Another point, Robin added, “is contamination. Patients frequently touch the drop bottle tip to the eye or eyelids. This could potentially lead to serious eye infections.”
To find out how well patients were faring, Robin of Johns Hopkins University, Baltimore, and colleagues studied 139 patients with glaucoma or ocular hypertension who had been putting in their own drops for at least 6 months.
Overall, 129 (92.8 percent) reported having no problems putting in their eyedrops, 86 (61.9 percent) believed they never missed their eye when administering the drops and 110 (79.2 percent) said they never touched their eye with the bottle tip. In addition, 86 (61.9 percent) reported that they washed their hands before using the drops.

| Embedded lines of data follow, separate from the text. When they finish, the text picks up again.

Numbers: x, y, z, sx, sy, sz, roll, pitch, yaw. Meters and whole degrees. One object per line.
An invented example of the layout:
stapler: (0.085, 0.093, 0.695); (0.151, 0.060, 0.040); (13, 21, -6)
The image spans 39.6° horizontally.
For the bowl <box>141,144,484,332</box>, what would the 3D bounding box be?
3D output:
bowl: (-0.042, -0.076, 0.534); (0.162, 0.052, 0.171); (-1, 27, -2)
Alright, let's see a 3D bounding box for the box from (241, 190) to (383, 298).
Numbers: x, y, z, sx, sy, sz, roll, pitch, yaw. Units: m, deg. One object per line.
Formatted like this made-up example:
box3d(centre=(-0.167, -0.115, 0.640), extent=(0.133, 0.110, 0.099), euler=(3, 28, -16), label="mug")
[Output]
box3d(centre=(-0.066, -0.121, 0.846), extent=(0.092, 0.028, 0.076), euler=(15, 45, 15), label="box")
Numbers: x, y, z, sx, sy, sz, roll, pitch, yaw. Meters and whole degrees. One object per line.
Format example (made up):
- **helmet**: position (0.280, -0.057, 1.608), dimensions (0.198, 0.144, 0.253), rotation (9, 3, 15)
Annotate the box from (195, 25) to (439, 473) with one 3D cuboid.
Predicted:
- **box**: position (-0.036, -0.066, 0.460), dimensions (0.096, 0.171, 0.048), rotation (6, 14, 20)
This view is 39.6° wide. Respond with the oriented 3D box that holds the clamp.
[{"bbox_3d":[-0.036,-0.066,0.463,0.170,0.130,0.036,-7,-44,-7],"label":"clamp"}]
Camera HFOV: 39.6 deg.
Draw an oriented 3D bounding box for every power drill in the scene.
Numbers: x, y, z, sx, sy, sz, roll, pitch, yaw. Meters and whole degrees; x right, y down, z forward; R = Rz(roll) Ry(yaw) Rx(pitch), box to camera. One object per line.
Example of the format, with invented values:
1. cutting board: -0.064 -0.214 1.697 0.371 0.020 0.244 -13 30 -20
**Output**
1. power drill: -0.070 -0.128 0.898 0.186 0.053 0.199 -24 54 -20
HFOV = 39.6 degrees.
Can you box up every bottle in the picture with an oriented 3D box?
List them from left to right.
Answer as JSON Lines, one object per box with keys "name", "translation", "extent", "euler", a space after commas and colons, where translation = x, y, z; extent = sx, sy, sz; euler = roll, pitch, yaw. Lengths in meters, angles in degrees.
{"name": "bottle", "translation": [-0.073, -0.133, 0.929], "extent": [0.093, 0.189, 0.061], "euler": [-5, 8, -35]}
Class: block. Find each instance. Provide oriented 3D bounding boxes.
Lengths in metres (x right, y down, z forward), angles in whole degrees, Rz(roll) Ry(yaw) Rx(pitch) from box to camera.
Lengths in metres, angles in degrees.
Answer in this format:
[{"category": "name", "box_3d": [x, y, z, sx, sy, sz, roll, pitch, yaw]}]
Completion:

However, examination of video recordings made under single direct observation showed that when using a 15-milliliter bottle, only 21.9 percent managed to instill a single drop without touching the eye and only 30.8 percent were able to do so when using a 2.5-milliliter bottle.
Moreover, only 1.7 percent of the patients washed their hands before the procedure.
The researchers also found that patients used an average of 1.8 drops for every one drop needed with each of the two bottles.
“This is a major public health issue in ophthalmology,” Robin said. Patients are unaware of the problem. They do not know that they are not getting the drop in the eye or why their eye drop bottles do not last long enough.”
“Better instruction and observation are needed,” he concluded, “in addition to the development of newer techniques of delivering medications to the eye.”